I was very hurt by this coupled with the fact he still was not willing to get married. However, at that point I wasn’t sure I wanted to be married to someone that continued to treat me like that. He shed some tears asked if he could stay if he went to counseling this time. He wanted to be a family with the girls and I. I didn’t want the girls to be from yet another broken home. So I let him stay.

-Next 2yrs until present the chip on my shoulder grew bigger, I became more bitter and angry. I became emotionally distant. We were and are great co-parents and get along like great friends but inside I have walls upon walls up. 

I found more emails 2 months ago that he started corresponding with someone from a dating site…REALLY? I had HAD IT!! 
I kicked him out…declared myself single and started to move on. There is no trust or respect for him anymore. I’m not even attracted to him. He has done too much damage. 

I started dating right away, finally having the time of my life! He now is begging not like before…but he has lost weight, doesn’t sleep, cries at a drop of hat, goes to counseling twice a week like clock-work and wants to adopt the girls asap and wants to be married. He has never acted like this and I do believe him this time. It is bazaar and hard to swallow how he has become more of a wonderful father than he was and how he has treated me like the queen that he hasn’t over the past 6 years. 

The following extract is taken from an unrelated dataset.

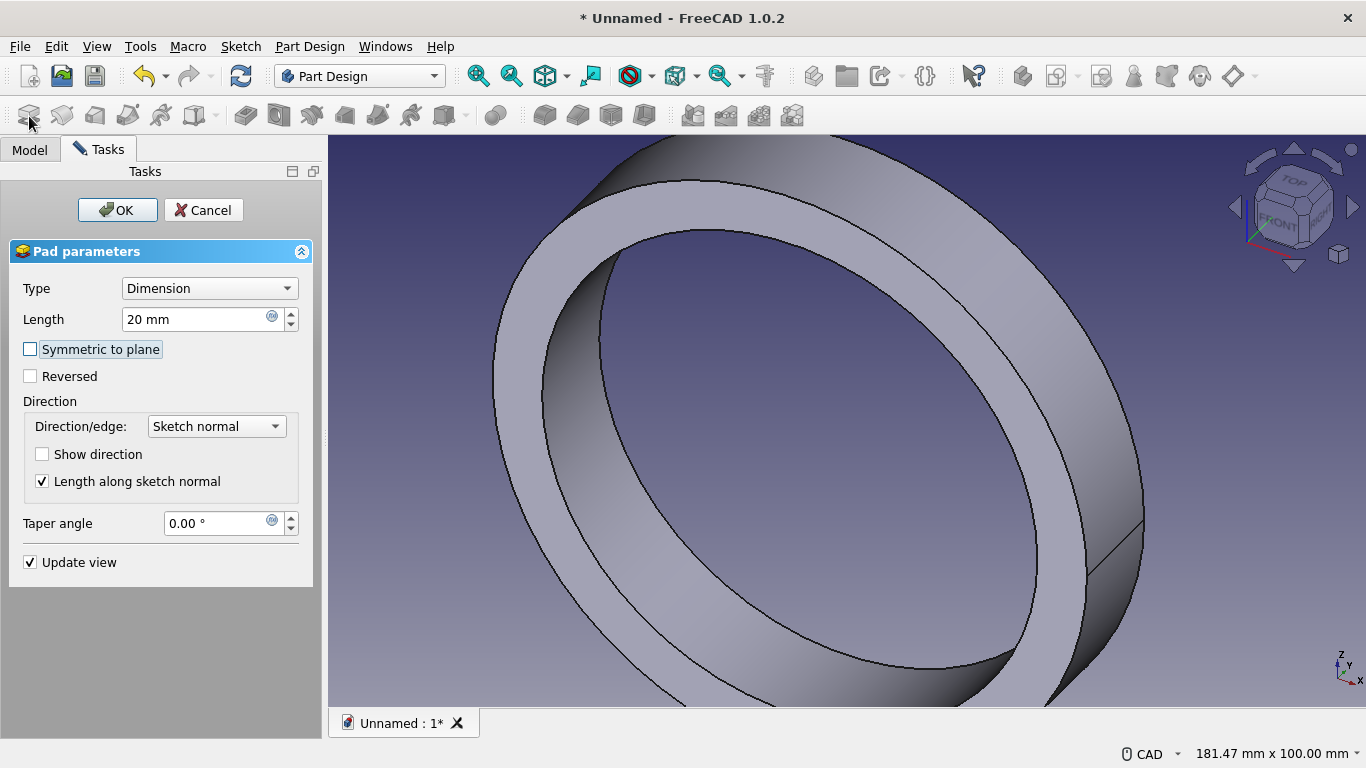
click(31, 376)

Problem : I am emotionally dead inside…too much damage. Dating has me interested in several others. Do I work on us and see if I can get any spark back. I want to do what’s right for my girls and my family. HELP!!!!


----------



## friendly (Sep 21, 2010)

Think twice, decide carefully, when you do it, don't regret, and be ready for all consequences.
_Posted via Mobile Device_


----------



## friendly (Sep 21, 2010)

What is right for your girls and family in your opinion?
_Posted via Mobile Device_


----------



## confusedifiwantsparkback (Mar 19, 2011)

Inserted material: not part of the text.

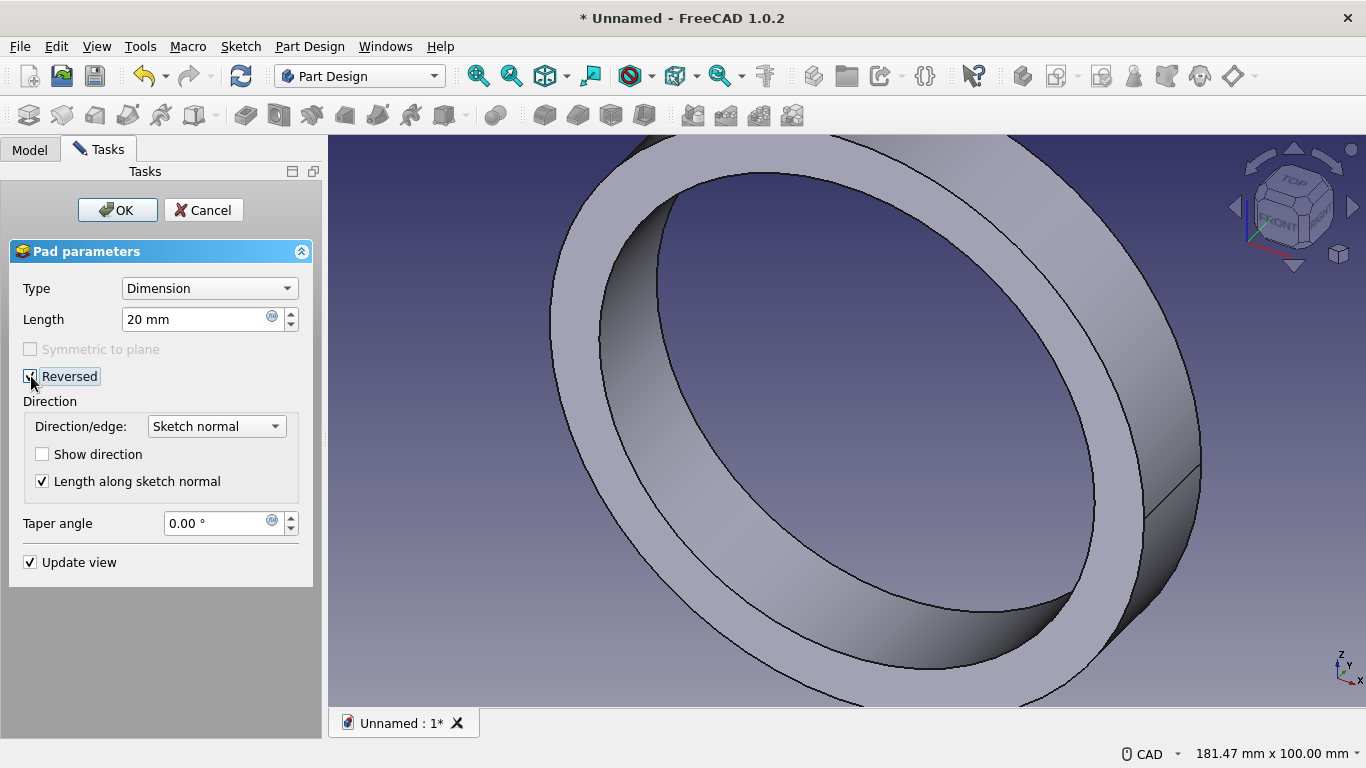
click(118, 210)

I wanted for them to have both parents in same household...to have the stability. But I also know that I'm not doing them any favors if I'm not happy. Does anyone get the spark back?? Is it possible?


----------



## friendly (Sep 21, 2010)

It's possible but very difficult. 
One thing is sure if your sexual life with your husband has no improvement, and if he's constantly unsupported and unwanted, it's not fair to you and also to him.
You already know to find back connection with your husband is the key to a happy marriage.
However, i'm afraid you're in an emotional fog and you're into someone else, which made the whole connection task more difficult.
_Posted via Mobile Device_


----------



## confusedifiwantsparkback (Mar 19, 2011)

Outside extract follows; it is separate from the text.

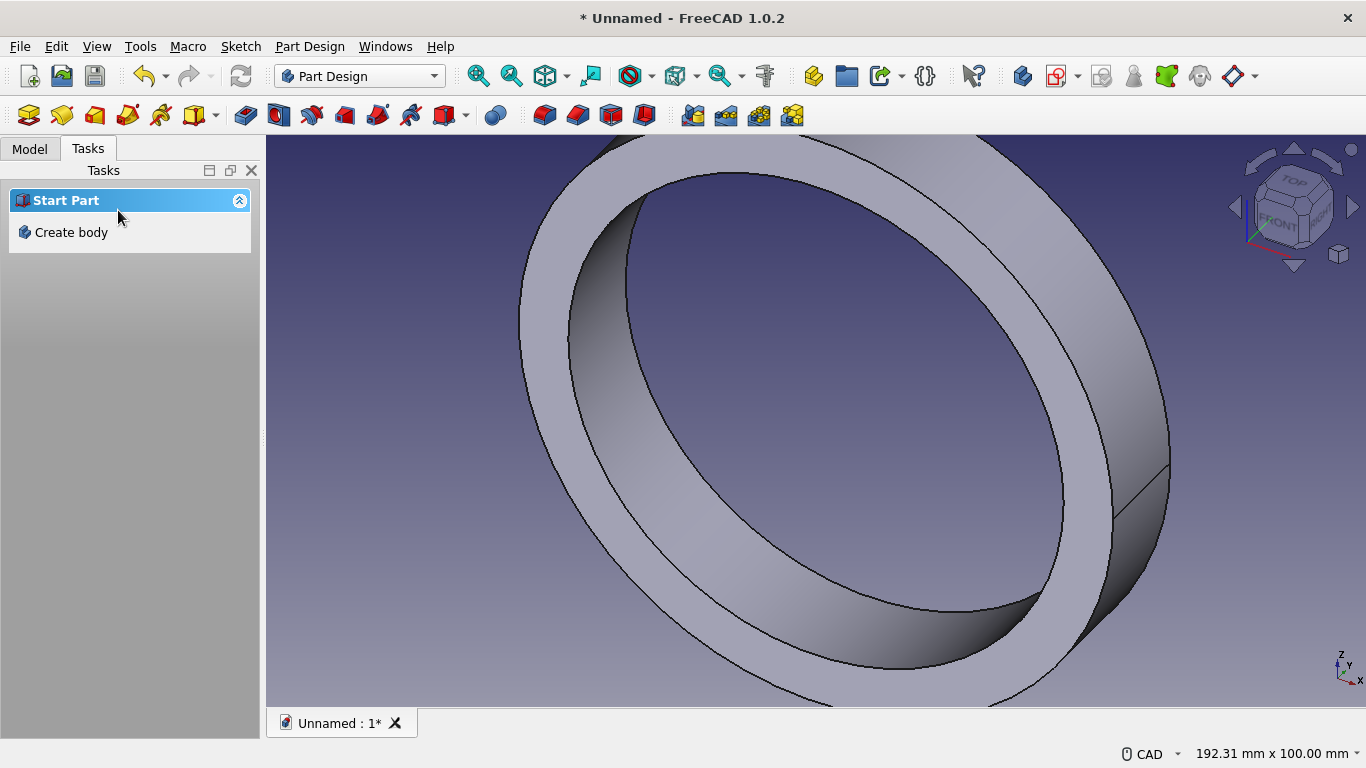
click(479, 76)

That's where I am so conflicted. Feeling so emotionless with him yet full of life with another. And it's not with the first person Ive met. Actually have met several men and have been on couple of dates with most. However, this one in particular was fireworks from the start and we have had a whirl wind of a time. With fireworks still flying. I have explained to him my circumstances. I felt like I needed to be 'wanted' again so I went and found it I guess. Of course now I really really like him and when we dont talk I miss him like a silly school girl. 
I am afraid I have caused way more confusion with myself like you had suggested. 
Its a strange place to be, spinning around in this emotional turmoil


----------



## friendly (Sep 21, 2010)

I understand your situation, and I think you're in love with this guy already. I can assure you it's impossible when you must choose between family and the freedom to love...
You have to follow your gut feelings.
I don't think this charming man can wait too long though...
_Posted via Mobile Device_


----------



## friendly (Sep 21, 2010)

If I were you, I will not lie to myself if my love for my husband is dead, it's dead.
No way to come alive. It's not fair for both of you to imprison each other's souls and desires because of family commitments.
How do you think?
Is love dead?
By the way, your husband is disqualified to whine, he cheated on you so many times...
Now he must face the consequence if your heart grows apart from him.
Maybe you should talk to him.


----------